Assignment — Exclude all pictures, and reproduce exactly the lines from the one containing "Short answer required. No." through the end of the records, with nothing else added.

Data extracts —
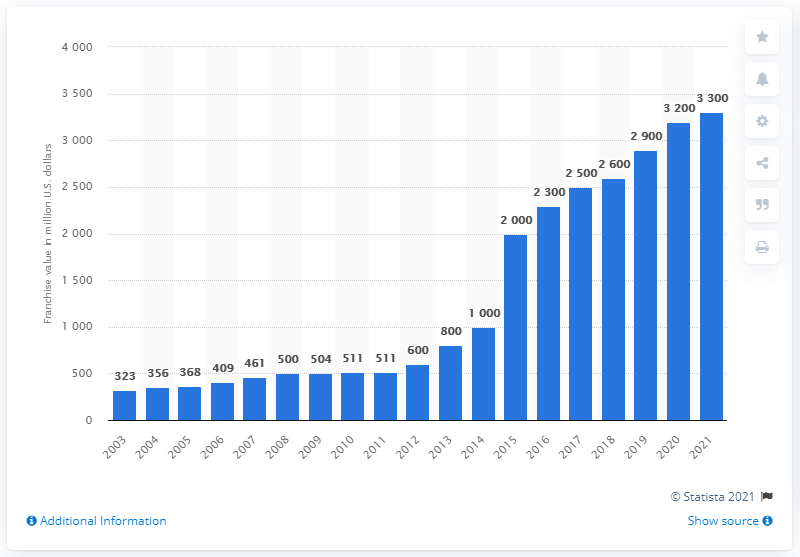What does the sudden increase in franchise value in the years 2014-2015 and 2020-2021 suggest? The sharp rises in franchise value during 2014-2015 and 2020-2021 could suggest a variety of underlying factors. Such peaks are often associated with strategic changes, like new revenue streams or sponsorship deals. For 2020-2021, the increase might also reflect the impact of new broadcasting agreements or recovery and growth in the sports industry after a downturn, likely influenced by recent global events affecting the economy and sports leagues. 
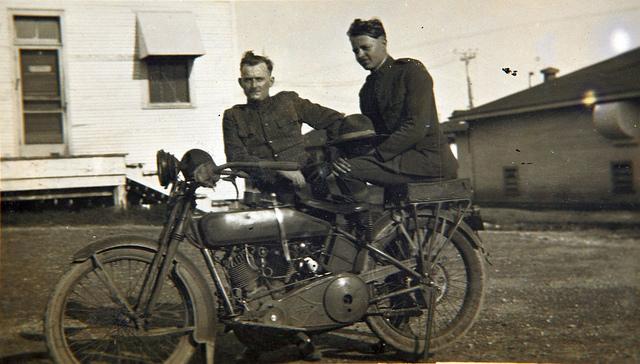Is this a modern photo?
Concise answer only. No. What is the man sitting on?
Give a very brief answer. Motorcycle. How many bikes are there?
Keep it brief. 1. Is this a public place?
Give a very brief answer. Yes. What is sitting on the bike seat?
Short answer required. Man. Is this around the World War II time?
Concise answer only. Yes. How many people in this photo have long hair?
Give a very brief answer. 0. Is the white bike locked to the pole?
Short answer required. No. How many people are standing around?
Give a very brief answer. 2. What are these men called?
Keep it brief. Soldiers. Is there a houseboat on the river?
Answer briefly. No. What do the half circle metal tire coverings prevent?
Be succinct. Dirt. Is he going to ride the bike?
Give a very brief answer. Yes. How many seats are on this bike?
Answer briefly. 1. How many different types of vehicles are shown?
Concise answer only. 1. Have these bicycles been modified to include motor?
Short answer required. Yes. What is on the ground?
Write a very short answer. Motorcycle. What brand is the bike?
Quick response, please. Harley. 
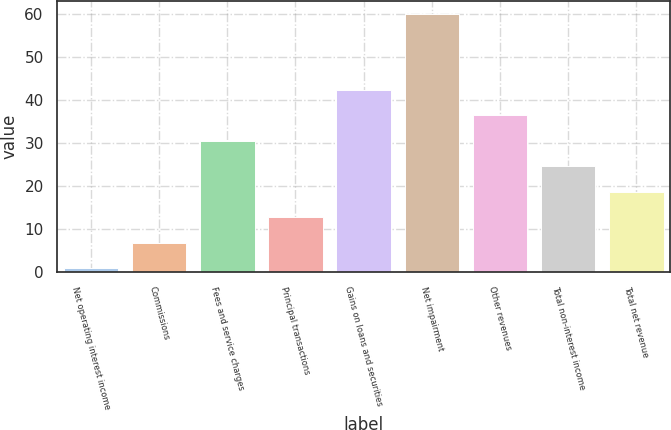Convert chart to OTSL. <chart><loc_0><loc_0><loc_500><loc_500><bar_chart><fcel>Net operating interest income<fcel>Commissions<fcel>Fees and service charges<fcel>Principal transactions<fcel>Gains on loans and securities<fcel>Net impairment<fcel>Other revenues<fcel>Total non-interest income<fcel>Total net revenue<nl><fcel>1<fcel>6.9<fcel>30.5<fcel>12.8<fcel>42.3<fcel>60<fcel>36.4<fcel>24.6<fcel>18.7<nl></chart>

Answer box —
Short answer required. No. How many people are standing around?
Give a very brief answer. 2. What are these men called?
Keep it brief. Soldiers. Is there a houseboat on the river?
Answer briefly. No. What do the half circle metal tire coverings prevent?
Be succinct. Dirt. Is he going to ride the bike?
Give a very brief answer. Yes. How many seats are on this bike?
Answer briefly. 1. How many different types of vehicles are shown?
Concise answer only. 1. Have these bicycles been modified to include motor?
Short answer required. Yes. What is on the ground?
Write a very short answer. Motorcycle. What brand is the bike?
Quick response, please. Harley. 
Convert chart to OTSL. <chart><loc_0><loc_0><loc_500><loc_500><bar_chart><fcel>Net operating interest income<fcel>Commissions<fcel>Fees and service charges<fcel>Principal transactions<fcel>Gains on loans and securities<fcel>Net impairment<fcel>Other revenues<fcel>Total non-interest income<fcel>Total net revenue<nl><fcel>1<fcel>6.9<fcel>30.5<fcel>12.8<fcel>42.3<fcel>60<fcel>36.4<fcel>24.6<fcel>18.7<nl></chart>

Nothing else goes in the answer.